Warning: Challenges ahead

Seven important forces will alter our world by 2025, says Erik Peterson of the Center for Strategic and International Studies, a Washington, D.C., think tank. Each of these mega-trends will embody opportunities and danger in the years ahead. Together, they'll transform the way humans live and interact with each other. He calls them the Seven Revolutions.

By Rick Waters '95

Try and imagine: What will the world look like in the year 2025?

If you're like many Americans, it's hard to think about what will happen 17 days from now, much less 17 years.

Still, that was the question posed to an audience of about 500 in the Student Center Ballroom this week by Erik Peterson, senior vice president of the Washington, D.C.-based think tank Center for Strategic and International Studies (CSIS).

"While many of us are consumed with the urgent matters of the present," Peterson said, "we must find a balance between the immediate dilemmas that challenge us and long-term system failures."

Peterson called on the audience to embrace the words of  French writer Antoine Jean-Baptiste Saint Exupery: "Your task is not to foresee the future, but rather to enable it."

In 1962 when CSIS was founded, Peterson and the original members of the think tank couldn't conceive of the world in which we live in 2008: iPhones, unprecedented access to information, a global war on terrorism, corporations eclipsing countries as  economic powers.

"It was unthinkable to imagine Nelson Mandela becoming a world leader from apartheid-ridden South Africa, yet he has," Peterson said, with a montage of images flashing behind him on screen, from the Beatles to Tiananmen Square to the Challenger explosion to Osama bin Laden to the avian flu.

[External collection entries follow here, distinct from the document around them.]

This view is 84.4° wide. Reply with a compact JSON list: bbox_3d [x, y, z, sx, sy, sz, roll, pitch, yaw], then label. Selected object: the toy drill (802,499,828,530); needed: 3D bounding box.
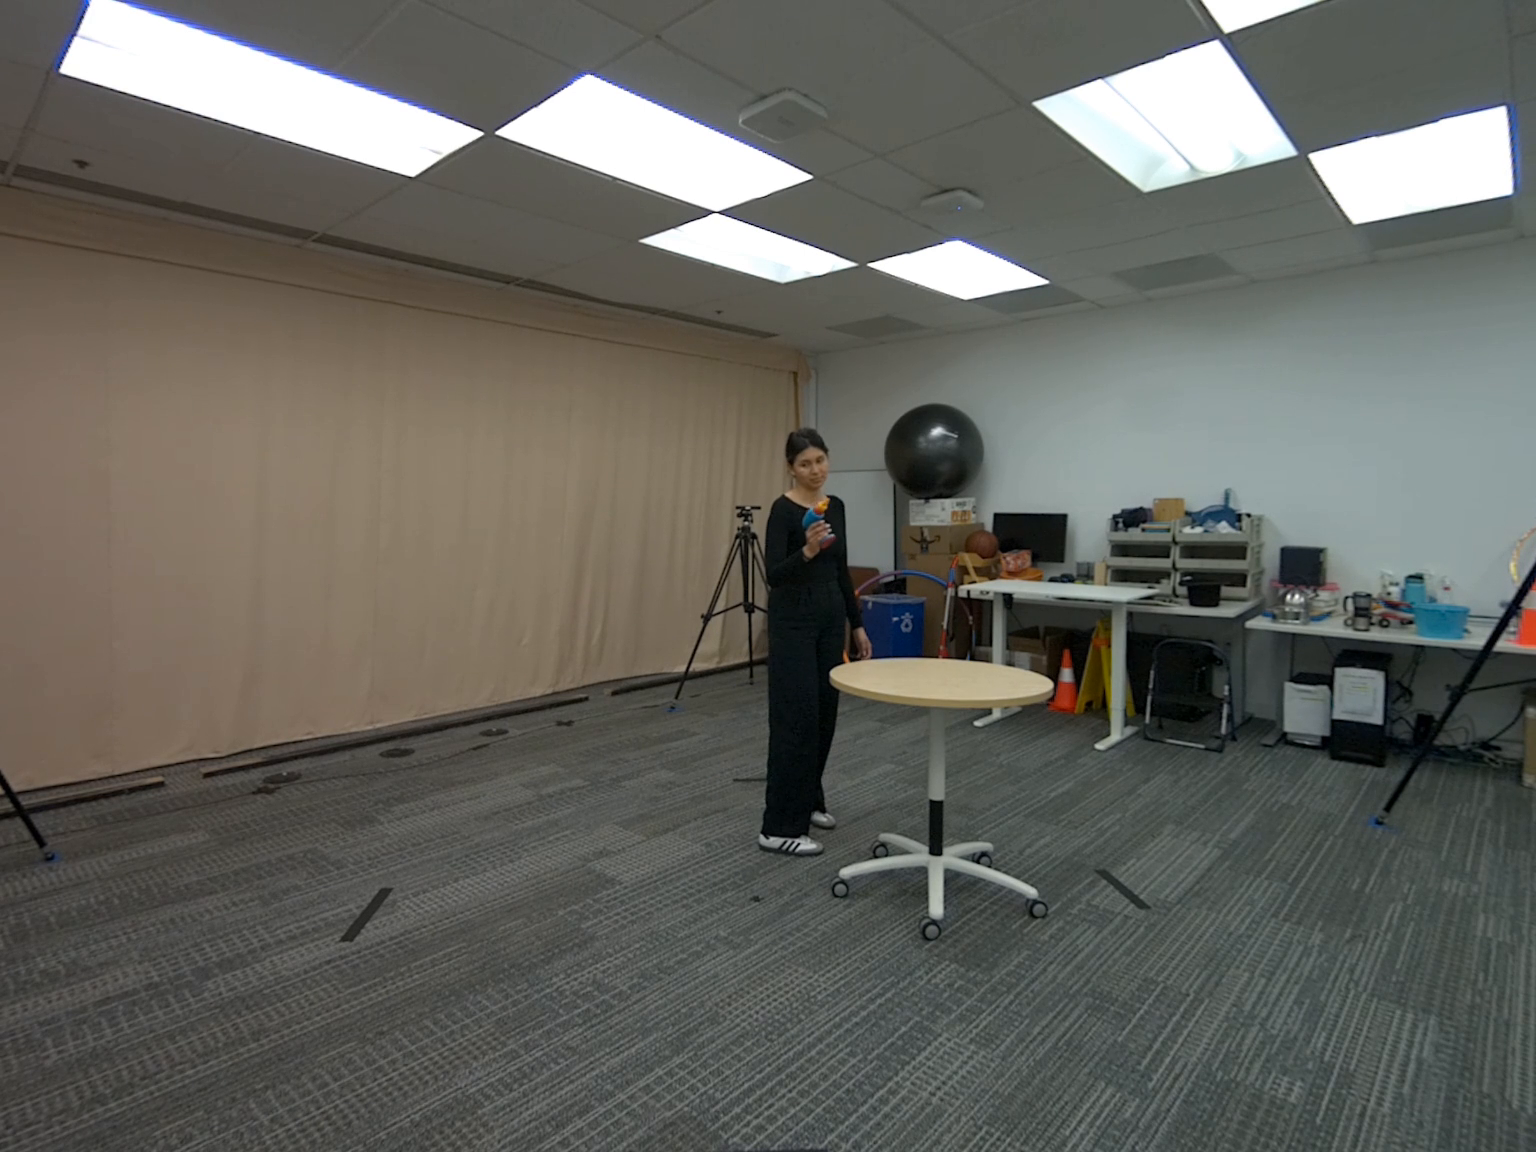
[{"bbox_3d":[0.197,-0.197,3.139,0.059,0.149,0.171,-11,-29,-45],"label":"toy drill"}]
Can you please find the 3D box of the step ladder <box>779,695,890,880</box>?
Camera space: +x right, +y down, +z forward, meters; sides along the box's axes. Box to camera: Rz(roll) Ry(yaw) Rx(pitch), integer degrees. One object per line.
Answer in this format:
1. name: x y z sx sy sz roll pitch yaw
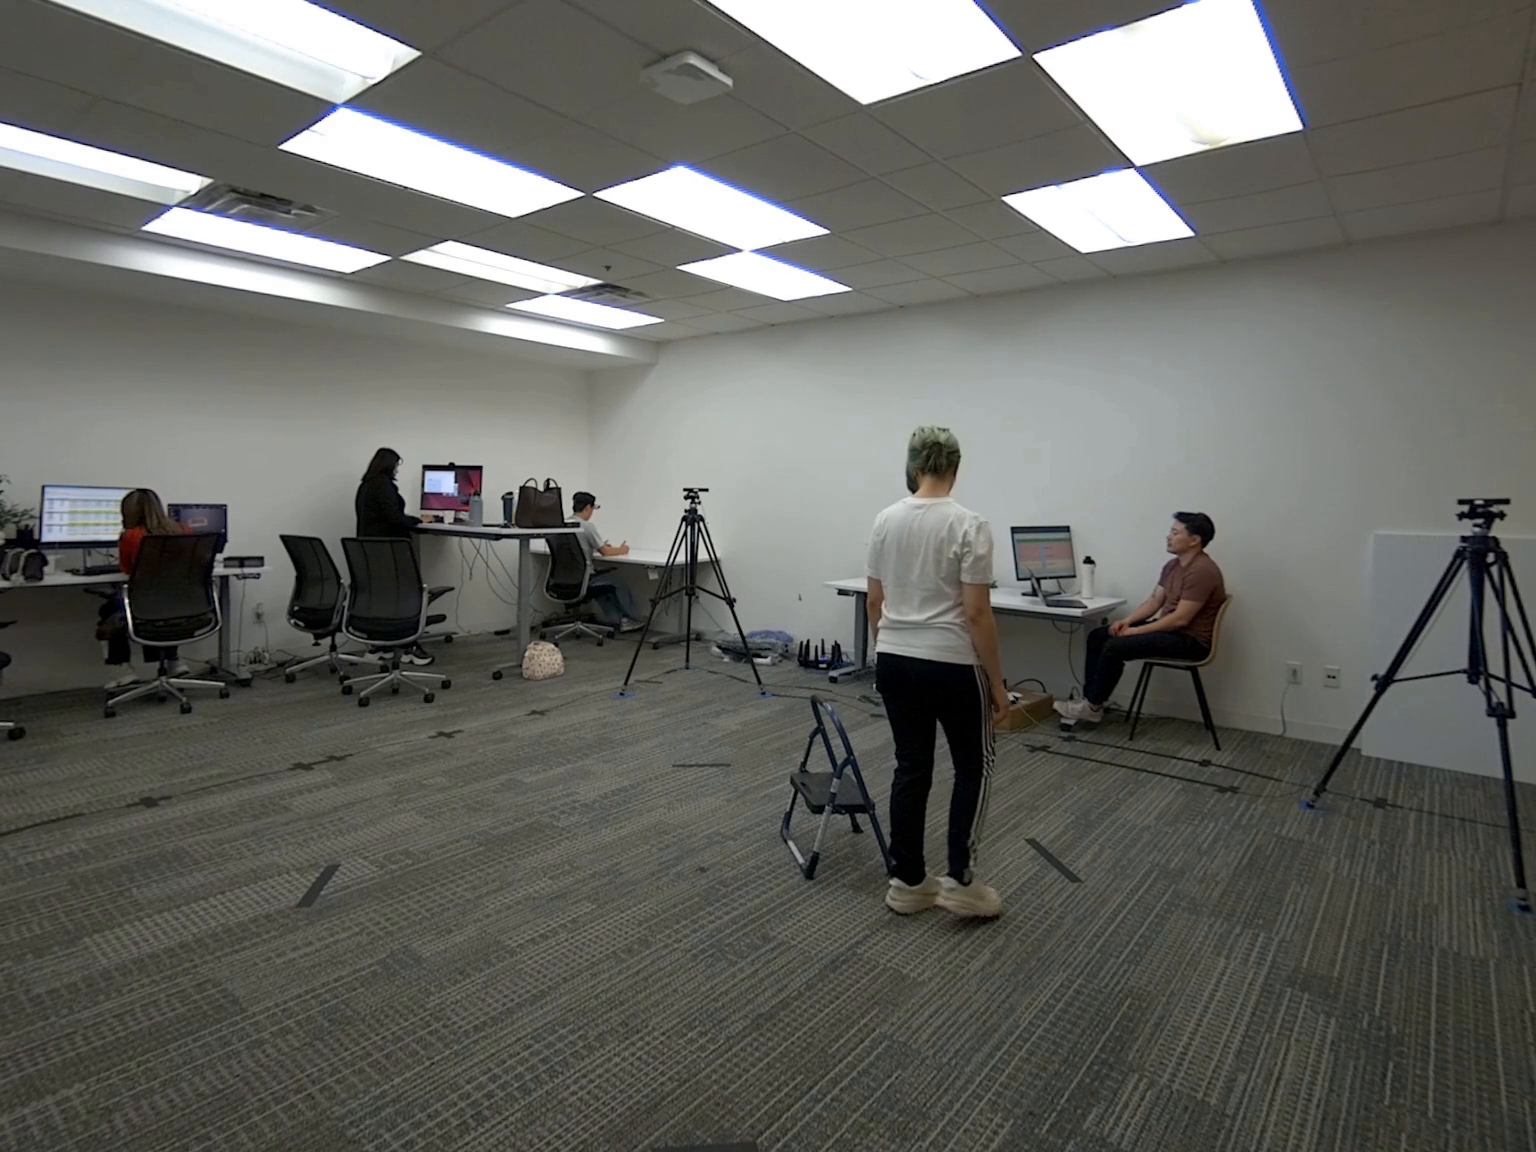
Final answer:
1. step ladder: 0.259 0.764 3.254 0.345 0.604 0.437 1 3 -12

"The same is true for us," he continued. "Except in 2008, it is much more likely that we can anticipate what the world will be like."

The world, Peterson says, has set in motion uncheckable trends of poverty, infectious disease, conflict and technological might. Now, it's a matter of how we manage these mounting challenges.

"Einstein said, 'No problem can be solved by the same consciousness that created it.' Leaders of the world are going to have to raise the consciousness of everyone the planet."

Yet leaders are under greater strain than ever before, having less time to think beyond short-term priorities. Instant information shrinks planning timetables, and pressures from multiple stakeholders are eroding consensus building. In short, it's becoming increasingly difficult for leaders to act in the short term in ways that will yield long-term results.

Peterson's seven key drivers for change to expect are:

1) Population At the time of Julius Caesar, the world had roughly 150 million people on it. By Columbus' voyage to the new world, it was 500 million. Today, it's 6.6 billion, with the majority coming since World War II. That's a increase by a factor of 13. By 2025, global population will exceed 8 billion.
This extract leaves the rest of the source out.